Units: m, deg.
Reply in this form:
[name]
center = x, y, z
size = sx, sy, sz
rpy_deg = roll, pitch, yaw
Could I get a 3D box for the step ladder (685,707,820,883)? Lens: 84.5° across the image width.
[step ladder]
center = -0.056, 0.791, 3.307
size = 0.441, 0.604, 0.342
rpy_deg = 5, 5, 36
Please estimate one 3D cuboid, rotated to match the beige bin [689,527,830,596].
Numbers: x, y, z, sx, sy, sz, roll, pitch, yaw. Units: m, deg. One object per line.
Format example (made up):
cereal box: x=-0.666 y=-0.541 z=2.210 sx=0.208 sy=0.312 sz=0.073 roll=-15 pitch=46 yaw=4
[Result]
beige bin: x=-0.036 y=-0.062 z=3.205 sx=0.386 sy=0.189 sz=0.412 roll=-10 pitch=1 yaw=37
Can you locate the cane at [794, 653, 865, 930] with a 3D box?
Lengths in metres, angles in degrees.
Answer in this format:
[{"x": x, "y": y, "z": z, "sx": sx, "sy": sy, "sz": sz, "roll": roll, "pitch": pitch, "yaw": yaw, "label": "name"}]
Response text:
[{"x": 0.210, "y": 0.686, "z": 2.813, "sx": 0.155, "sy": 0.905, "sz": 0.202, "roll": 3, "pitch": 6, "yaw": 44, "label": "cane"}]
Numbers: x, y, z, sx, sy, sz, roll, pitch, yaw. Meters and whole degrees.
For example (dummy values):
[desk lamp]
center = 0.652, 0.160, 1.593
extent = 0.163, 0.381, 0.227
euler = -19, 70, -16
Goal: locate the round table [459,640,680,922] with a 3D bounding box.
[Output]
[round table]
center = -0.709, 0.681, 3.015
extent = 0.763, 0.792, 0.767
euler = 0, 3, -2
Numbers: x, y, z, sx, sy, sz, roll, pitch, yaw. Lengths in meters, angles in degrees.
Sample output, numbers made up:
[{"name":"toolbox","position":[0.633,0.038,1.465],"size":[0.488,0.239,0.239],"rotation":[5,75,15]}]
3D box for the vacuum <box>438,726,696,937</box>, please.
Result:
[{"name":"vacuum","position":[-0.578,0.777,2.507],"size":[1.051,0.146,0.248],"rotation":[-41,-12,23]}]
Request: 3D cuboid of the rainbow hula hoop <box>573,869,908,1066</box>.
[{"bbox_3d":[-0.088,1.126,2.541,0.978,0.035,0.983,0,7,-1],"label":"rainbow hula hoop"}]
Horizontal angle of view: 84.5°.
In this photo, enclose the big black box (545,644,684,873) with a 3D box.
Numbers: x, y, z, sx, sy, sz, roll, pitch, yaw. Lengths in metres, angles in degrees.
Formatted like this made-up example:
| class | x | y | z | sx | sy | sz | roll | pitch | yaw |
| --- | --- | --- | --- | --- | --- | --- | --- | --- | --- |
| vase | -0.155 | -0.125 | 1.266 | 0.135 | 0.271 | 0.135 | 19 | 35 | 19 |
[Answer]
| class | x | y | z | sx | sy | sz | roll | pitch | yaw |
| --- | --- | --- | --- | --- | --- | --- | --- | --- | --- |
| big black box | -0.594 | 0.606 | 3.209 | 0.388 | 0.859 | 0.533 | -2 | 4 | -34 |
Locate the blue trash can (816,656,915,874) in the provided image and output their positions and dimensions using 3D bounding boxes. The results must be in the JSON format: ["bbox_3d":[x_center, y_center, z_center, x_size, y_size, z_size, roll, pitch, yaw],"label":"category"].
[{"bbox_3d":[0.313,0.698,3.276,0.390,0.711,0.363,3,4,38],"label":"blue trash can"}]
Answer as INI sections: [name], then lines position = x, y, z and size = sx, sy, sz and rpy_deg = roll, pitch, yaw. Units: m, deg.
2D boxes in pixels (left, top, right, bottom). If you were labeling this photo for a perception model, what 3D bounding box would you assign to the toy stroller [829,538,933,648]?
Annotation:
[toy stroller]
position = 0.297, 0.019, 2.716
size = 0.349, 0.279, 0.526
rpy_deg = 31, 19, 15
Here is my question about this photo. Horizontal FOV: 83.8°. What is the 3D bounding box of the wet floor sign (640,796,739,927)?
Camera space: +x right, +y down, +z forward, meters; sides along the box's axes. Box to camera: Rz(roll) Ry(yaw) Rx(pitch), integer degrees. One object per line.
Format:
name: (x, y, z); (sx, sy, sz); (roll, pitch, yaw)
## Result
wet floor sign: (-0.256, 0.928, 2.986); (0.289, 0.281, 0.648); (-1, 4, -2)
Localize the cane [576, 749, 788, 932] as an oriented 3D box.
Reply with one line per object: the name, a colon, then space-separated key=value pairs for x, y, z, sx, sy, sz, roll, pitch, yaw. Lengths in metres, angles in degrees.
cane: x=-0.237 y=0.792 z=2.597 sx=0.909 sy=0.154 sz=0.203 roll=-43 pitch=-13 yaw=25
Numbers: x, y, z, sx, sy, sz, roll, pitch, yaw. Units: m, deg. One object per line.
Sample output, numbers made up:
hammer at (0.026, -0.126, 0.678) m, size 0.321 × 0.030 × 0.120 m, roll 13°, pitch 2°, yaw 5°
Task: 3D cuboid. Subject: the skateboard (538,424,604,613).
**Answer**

**ACTIVITY**
Print the lines of the material, exactly and only, from the line that contains "name: (x, y, z);" down to and including the final line.

**ANSWER BOX**
name: (x, y, z); (sx, sy, sz); (roll, pitch, yaw)
## Result
wet floor sign: (-0.256, 0.928, 2.986); (0.289, 0.281, 0.648); (-1, 4, -2)
Localize the cane [576, 749, 788, 932] as an oriented 3D box.
Reply with one line per object: the name, a colon, then space-separated key=value pairs for x, y, z, sx, sy, sz, roll, pitch, yaw. Lengths in metres, angles in degrees.
cane: x=-0.237 y=0.792 z=2.597 sx=0.909 sy=0.154 sz=0.203 roll=-43 pitch=-13 yaw=25
Numbers: x, y, z, sx, sy, sz, roll, pitch, yaw. Units: m, deg. One object per line.
Sample output, numbers made up:
hammer at (0.026, -0.126, 0.678) m, size 0.321 × 0.030 × 0.120 m, roll 13°, pitch 2°, yaw 5°
Task: 3D cuboid. Subject: the skateboard (538,424,604,613).
**Answer**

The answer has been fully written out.